- Episode no.: Season 2 Episode 13
- Directed by: Paul Davis
- Story by: Alan Blake Bachelor; James Bachelor;
- Editing by: Yang Hua Hu
- Original air date: October 4, 2019
- Running time: 80 minutes

Guest appearances
- Adelaide Kane as Wendy; Georgie Flores as Eve; Paige McGhee as Grace; Jacques Colimon as Craig; Dylan Arnold as Michael; Evan Bittencourt as Peter; Karlisha Hurley as Annie; Camden Toy as The Prankster; Liam Graham as Dave; Avery Bagenstos as Tony;

Episode chronology
| ← Previous "Pure" | Next → "Pilgrim" |

= Uncanny Annie =

"Uncanny Annie" is the thirteenth episode and first episode of the second season of Hulu's horror anthology streaming television series Into the Dark. The feature-length episode was directed by Paul Davis and focuses on the holiday of Halloween. It was released on Hulu on October 4, 2019.

==Plot==
A group of young adults have gathered together to celebrate Halloween, as well as remember the death of their friend Tony, who died a year ago that night. They decide to play the board game "Uncanny Annie", despite no one recalling how the game came to be in the house. The rules require the group to successfully complete the requirements on a deck of cards included in the box, after which they can select a letter to spell out Annie's name. Once the name is complete the game will be over, however they will only have one hour before Annie will come to end the game herself.

The game doesn't strike any of them as overly strange until the tasks turn violent and bring out secrets that the group had been hiding from one another. One task requires that the group keep a card safe from a sinister entity, The Prankster, which they are unable to keep. As tasks grow more difficult many of the group die or are taken and during the course of the game the truth of Tony's death is revealed. The prior year Tony was trying to drive while very drunk and as a result, he was forced out of the car. Only part of the friend group was present, but none intervened, assuming that he would walk home in the pouring rain. It was implied that at some point he lost consciousness while face down in a puddle, drowning him.

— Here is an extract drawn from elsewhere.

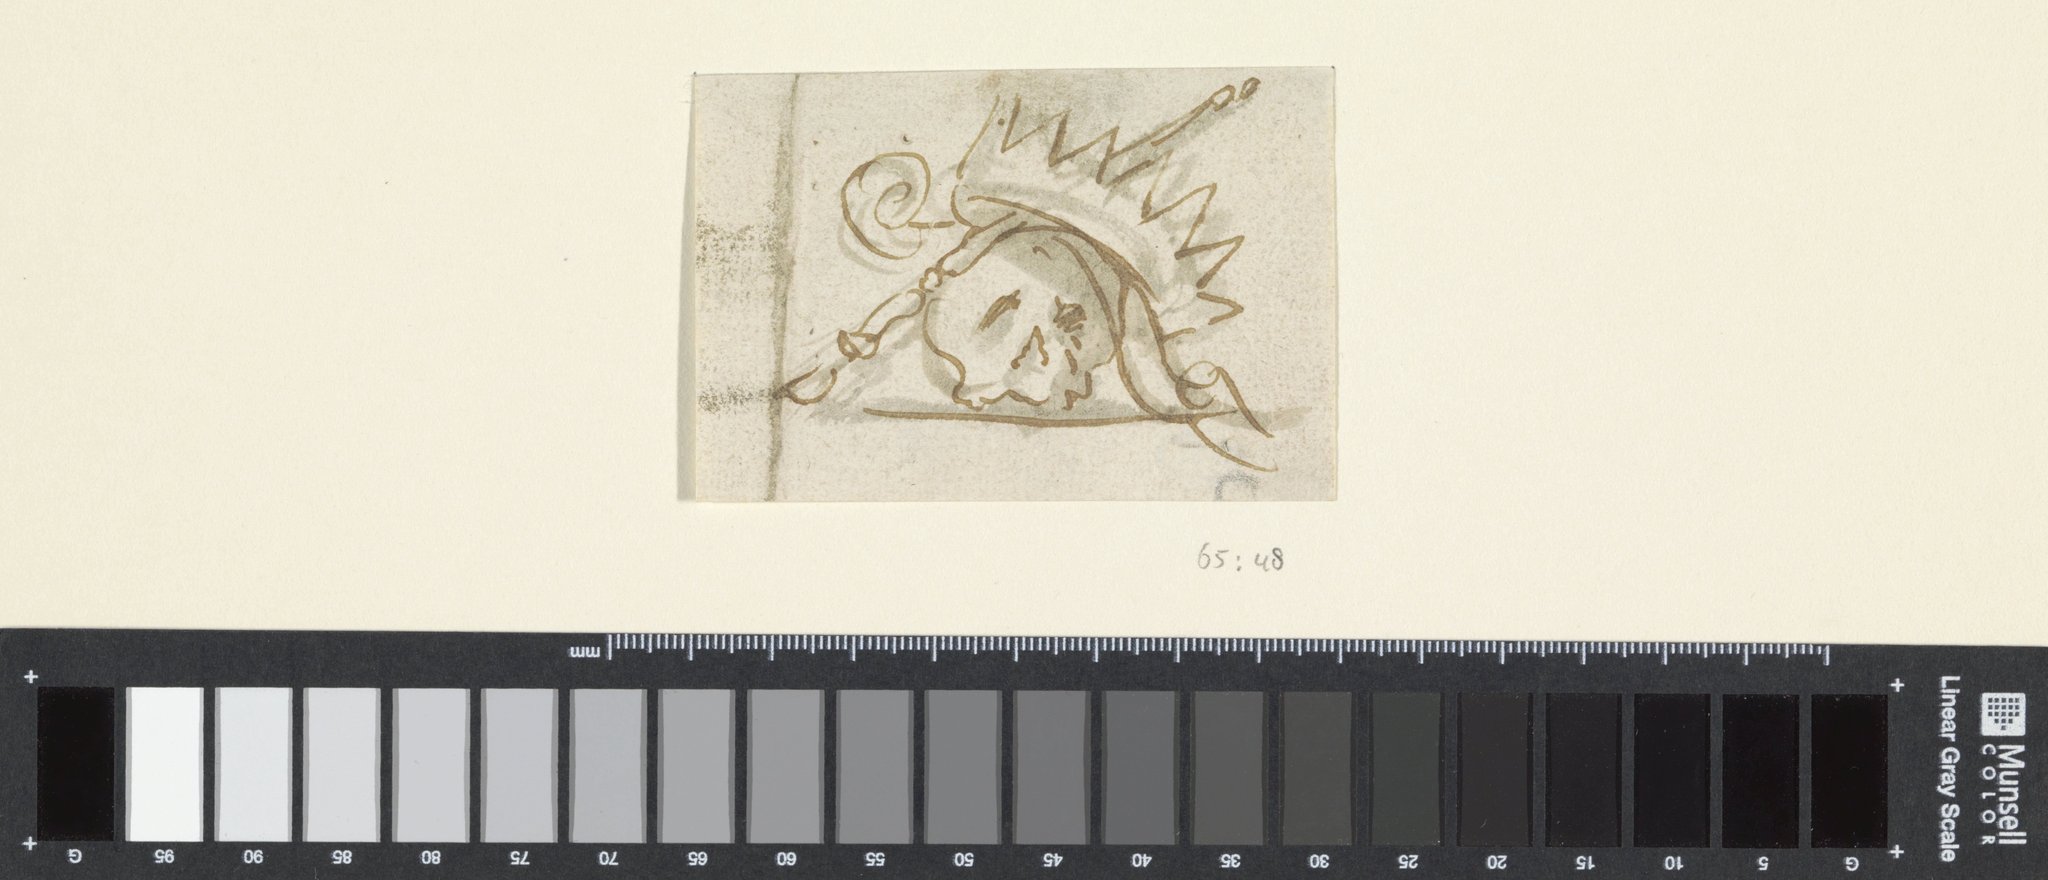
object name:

Ultimately only Wendy is left. To avoid dying she destroys the game box in the hopes of also destroying Annie. While it initially appears successful, Wendy ends up being taken by Annie for breaking the rules.

==Cast==
- Adelaide Kane as Wendy
- Georgie Flores as Eve
- Paige McGhee as Grace
- Jacques Colimon as Craig
- Dylan Arnold as Michael
- Evan Bittencourt as Peter
- Karlisha Hurley as Annie
- Camden Toy as The Prankster
- Liam Graham as Dave
- Avery Bagenstos as Tony

==Production==
Director Paul Davis chose to create "Uncanny Annie" as he wanted to do something different from "The Body", which he had also directed for Into the Dark and which had also been focused on the holiday of Halloween. For the episode he wanted to "make a kids horror film with blood and swearing - inspired mostly by Joe Dante's The Hole and Robert Rodriguez's The Faculty." Actress Adelaide Kane was brought in to portray Wendy, one of the central characters; while Dylan Arnold was signed to portray one of the antagonists.

Filming for the episode took place over a period of 16 days and had a budget of just under US$1,000,000. Davis stated that he had a three-week prep time for filming once he was given an initial version of the script, which was still undergoing re-writes. Post-production was challenging for him, as he had to fly back to London due to the death of his mother.

==Release==
"Uncanny Annie" premiered on the streaming service Hulu on October 4, 2019, followed by a screening at FrightFest that same year.

==Reception==
"Uncanny Annie" has a rating of 75% on Rotten Tomatoes, based on a total of 12 reviews and with the consensus "Despite some weak lines, "Uncanny Annie" comes to light as an entertaining season premiere and a worthy addition to the spookiest holiday of the year." Film School Rejects and Slash Film both wrote favorable reviews for the episode, with the former stating that "These made-for-TV features will never measure up budget-wise to the movies hitting theaters, but they can surpass their bigger competition all the same with sharper writing and more interesting stories. Uncanny Annie does just that, and it deserves a bigger audience than the lesser likes of Oujia (2014) and Truth or Dare (2018) managed in theaters." A reviewer for RogerEbert.com gave it one star, as they felt that it was "as visually flat as anything to date in the “Into the Dark” series."